# TASK BRIEF:
Each entry below is to be returned exactly, with any pictures left out.

··· DATASET EXTRACT ···

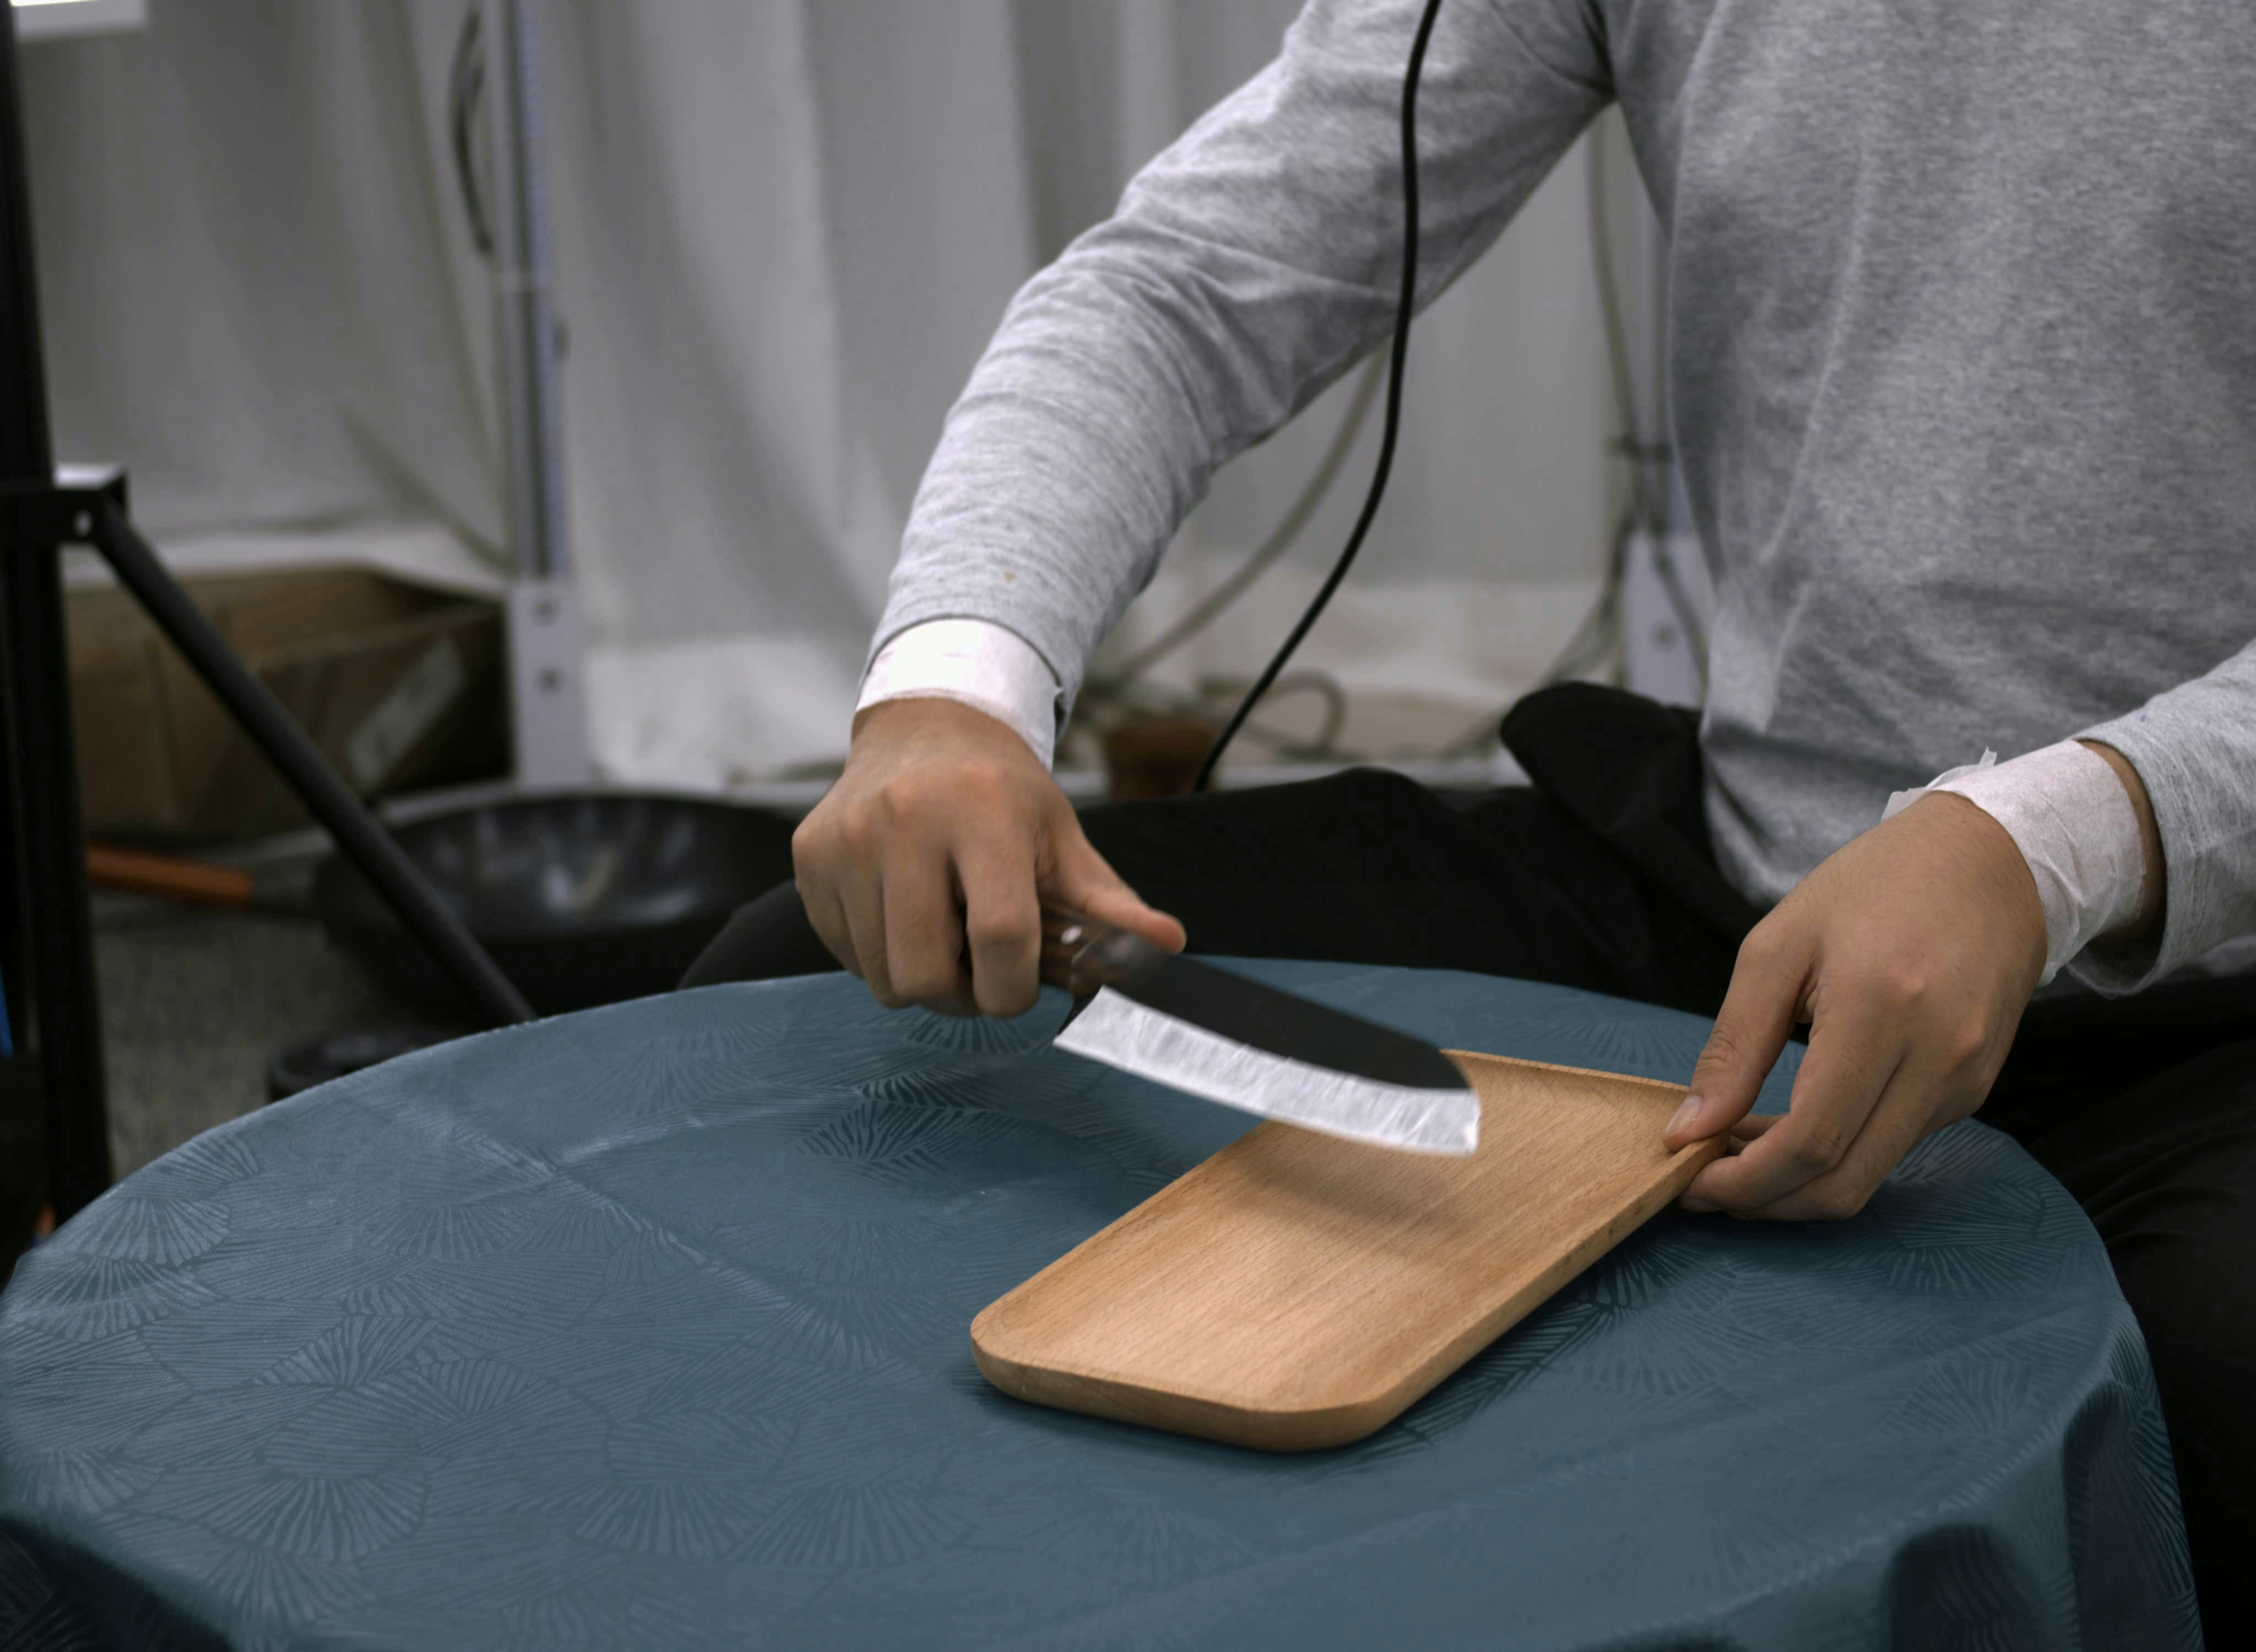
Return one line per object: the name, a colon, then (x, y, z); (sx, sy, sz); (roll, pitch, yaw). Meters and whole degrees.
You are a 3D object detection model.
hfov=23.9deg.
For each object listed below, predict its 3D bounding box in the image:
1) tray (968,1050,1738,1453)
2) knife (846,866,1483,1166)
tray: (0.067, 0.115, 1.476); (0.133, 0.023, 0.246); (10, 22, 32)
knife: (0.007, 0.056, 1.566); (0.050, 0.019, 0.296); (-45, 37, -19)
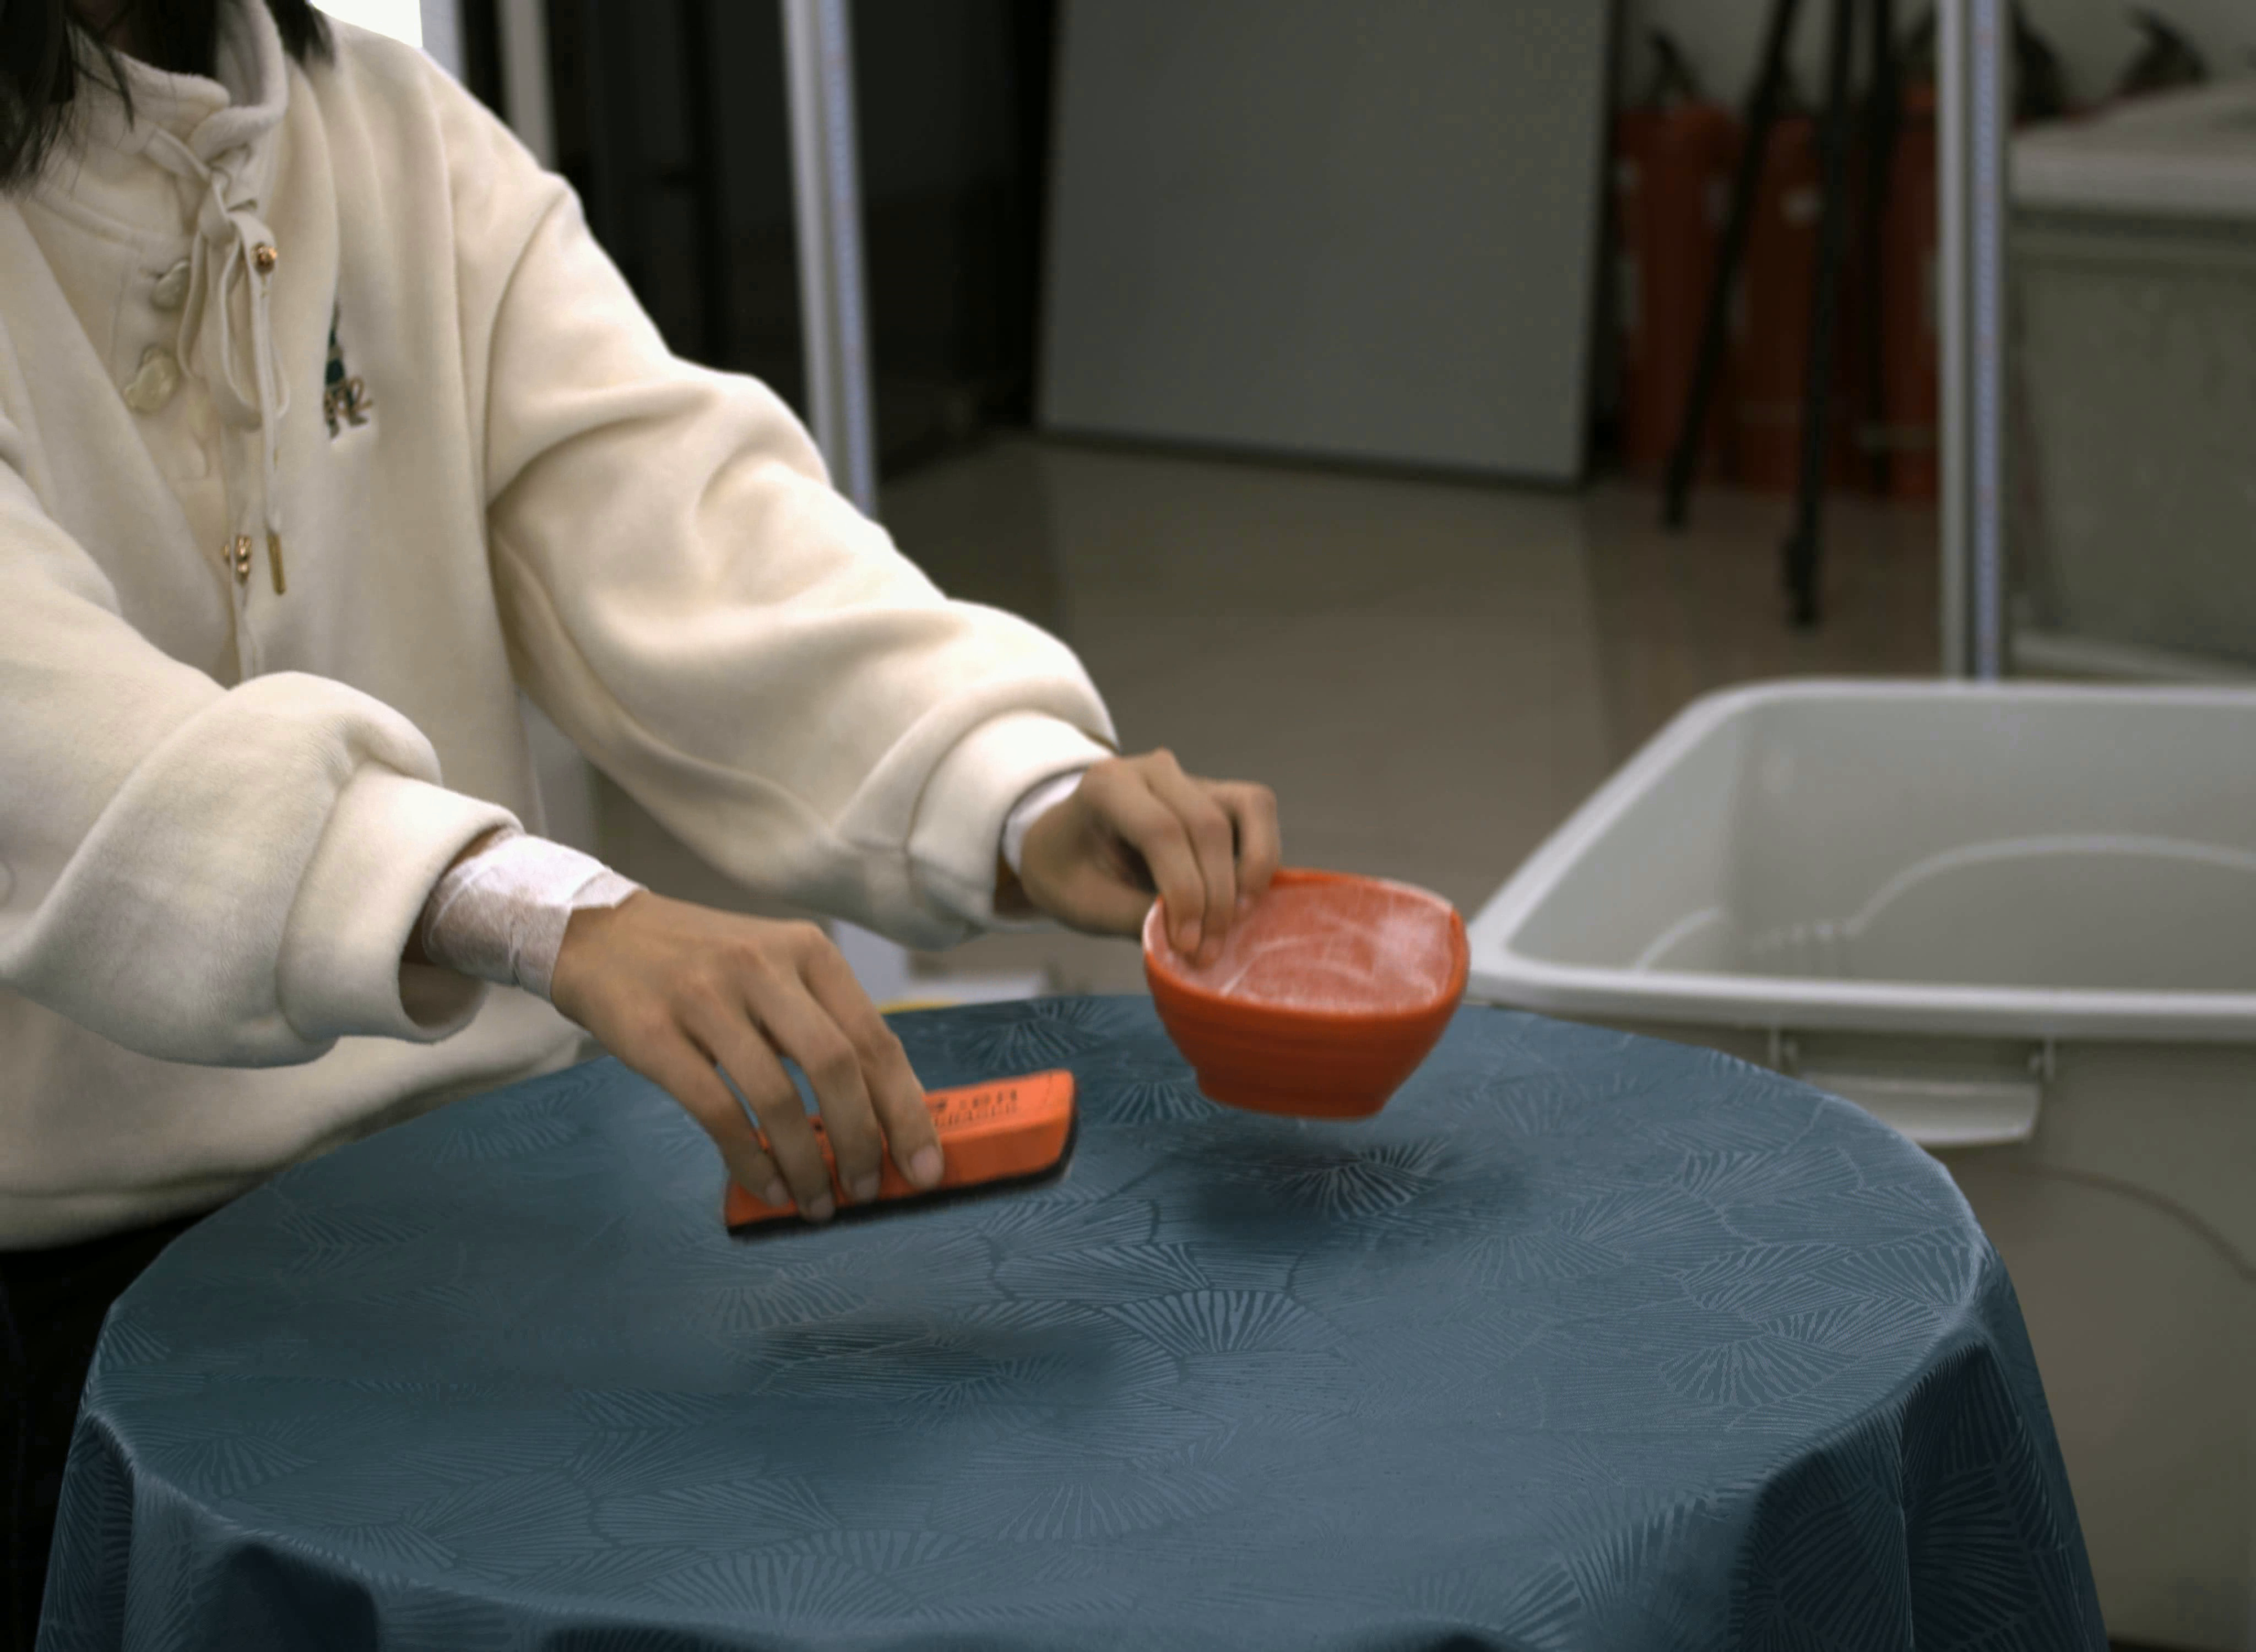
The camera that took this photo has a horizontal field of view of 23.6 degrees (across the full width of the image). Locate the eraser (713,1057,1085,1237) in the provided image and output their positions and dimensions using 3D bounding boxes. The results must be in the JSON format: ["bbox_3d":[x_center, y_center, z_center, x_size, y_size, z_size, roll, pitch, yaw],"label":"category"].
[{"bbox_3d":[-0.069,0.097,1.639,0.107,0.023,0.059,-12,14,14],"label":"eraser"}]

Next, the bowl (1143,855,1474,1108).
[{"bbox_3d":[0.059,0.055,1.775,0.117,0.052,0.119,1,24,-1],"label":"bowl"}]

···

# SOLUTION TO THIS PROBLEM:
Return one line per object: the name, a colon, then (x, y, z); (sx, sy, sz); (roll, pitch, yaw). Meters and whole degrees.
You are a 3D object detection model.
hfov=23.9deg.
For each object listed below, predict its 3D bounding box in the image:
1) tray (968,1050,1738,1453)
2) knife (846,866,1483,1166)
tray: (0.067, 0.115, 1.476); (0.133, 0.023, 0.246); (10, 22, 32)
knife: (0.007, 0.056, 1.566); (0.050, 0.019, 0.296); (-45, 37, -19)
The camera that took this photo has a horizontal field of view of 23.6 degrees (across the full width of the image). Locate the eraser (713,1057,1085,1237) in the provided image and output their positions and dimensions using 3D bounding boxes. The results must be in the JSON format: ["bbox_3d":[x_center, y_center, z_center, x_size, y_size, z_size, roll, pitch, yaw],"label":"category"].
[{"bbox_3d":[-0.069,0.097,1.639,0.107,0.023,0.059,-12,14,14],"label":"eraser"}]

Next, the bowl (1143,855,1474,1108).
[{"bbox_3d":[0.059,0.055,1.775,0.117,0.052,0.119,1,24,-1],"label":"bowl"}]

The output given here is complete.